Records drawn from a dataset
◆ ◆ ◆
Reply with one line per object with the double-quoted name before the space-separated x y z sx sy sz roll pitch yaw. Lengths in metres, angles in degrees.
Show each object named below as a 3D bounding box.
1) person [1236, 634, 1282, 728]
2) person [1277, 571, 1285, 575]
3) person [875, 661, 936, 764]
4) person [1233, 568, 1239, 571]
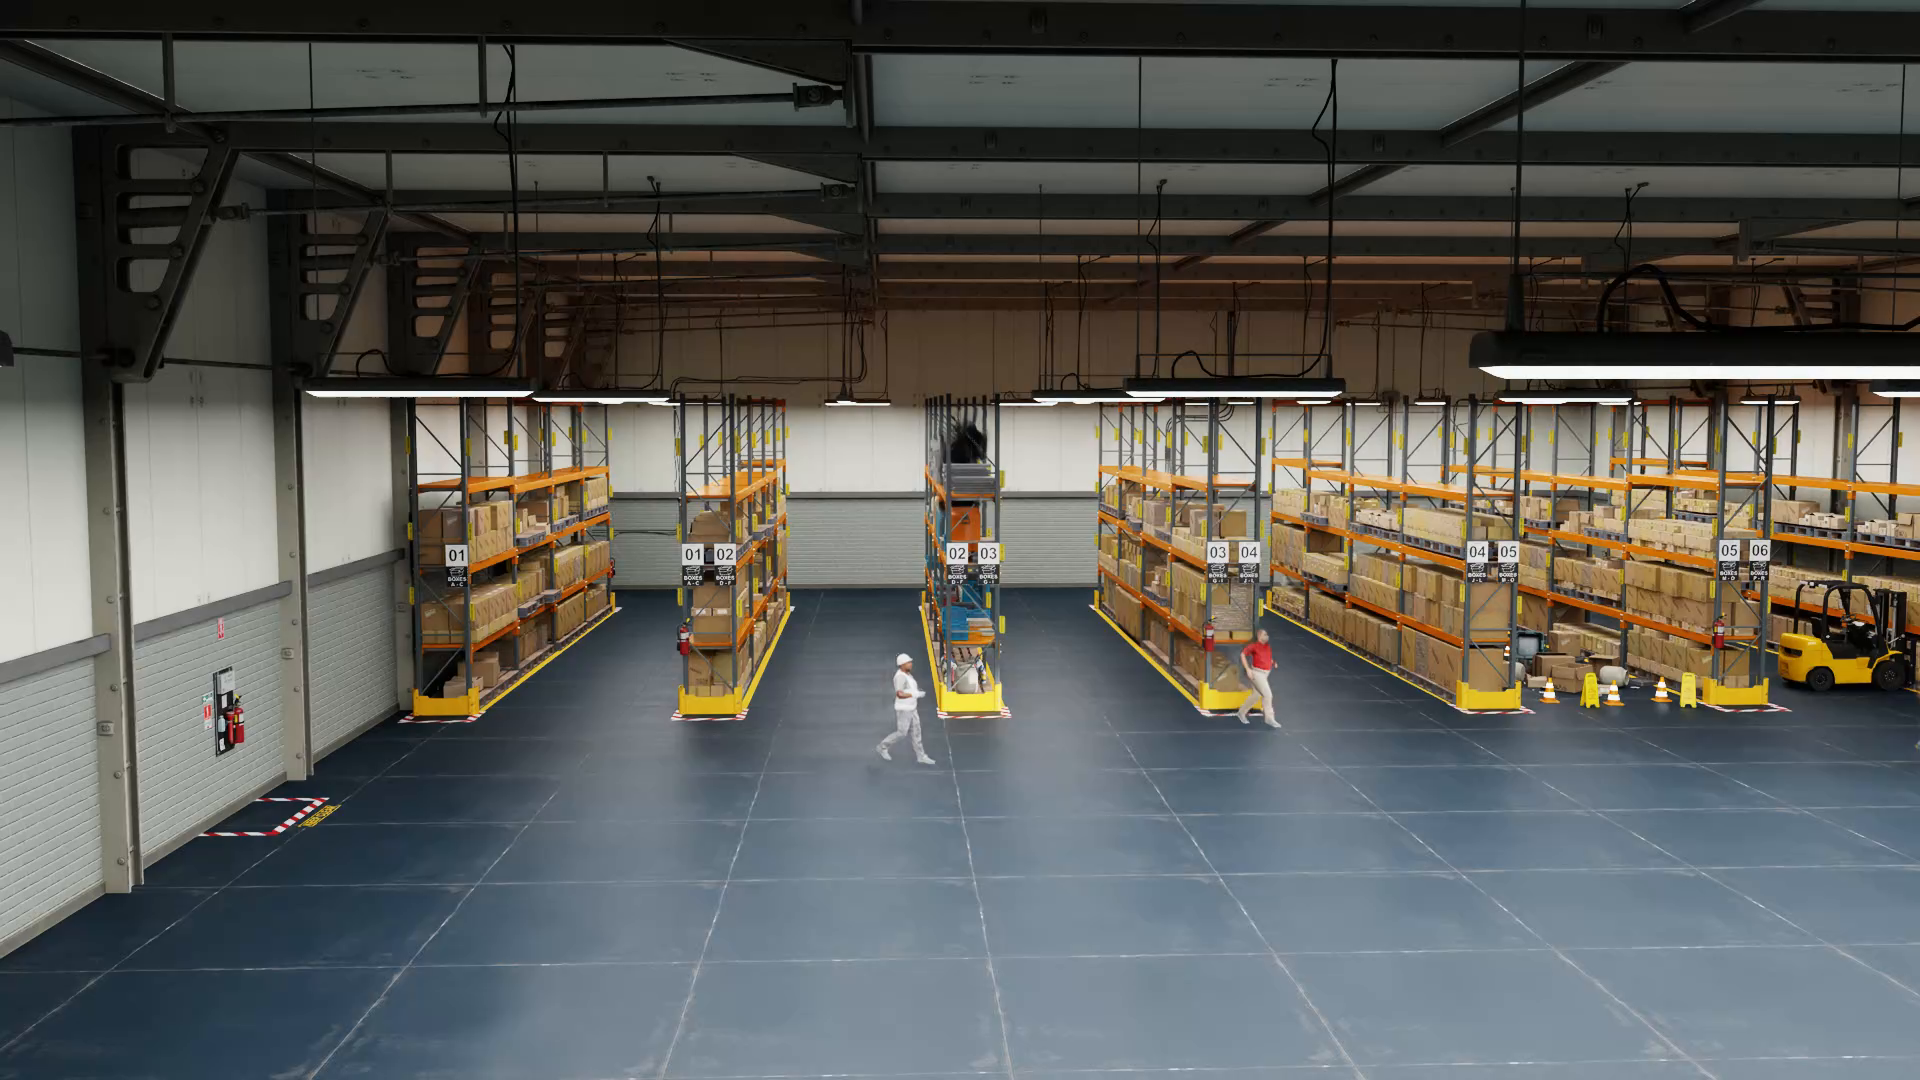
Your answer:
"person" 5.427 2.504 29.957 0.910 1.648 0.412 3 6 35
"person" 9.675 1.022 49.205 0.546 1.620 0.650 -2 5 -22
"person" -0.865 2.722 26.576 0.982 1.739 0.681 1 5 12
"person" 7.665 1.243 46.613 0.629 1.588 0.555 0 5 1
◆ ◆ ◆
Give back all the data exactly, minus pictures.

Answer space
Reply with one line per object with the double-quoted name before the space-separated x y z sx sy sz roll pitch yaw. Lengths in metres, angles in degrees.
Show each object named below as a 3D bounding box.
1) person [1236, 634, 1282, 728]
2) person [1277, 571, 1285, 575]
3) person [875, 661, 936, 764]
4) person [1233, 568, 1239, 571]
Your answer:
"person" 5.427 2.504 29.957 0.910 1.648 0.412 3 6 35
"person" 9.675 1.022 49.205 0.546 1.620 0.650 -2 5 -22
"person" -0.865 2.722 26.576 0.982 1.739 0.681 1 5 12
"person" 7.665 1.243 46.613 0.629 1.588 0.555 0 5 1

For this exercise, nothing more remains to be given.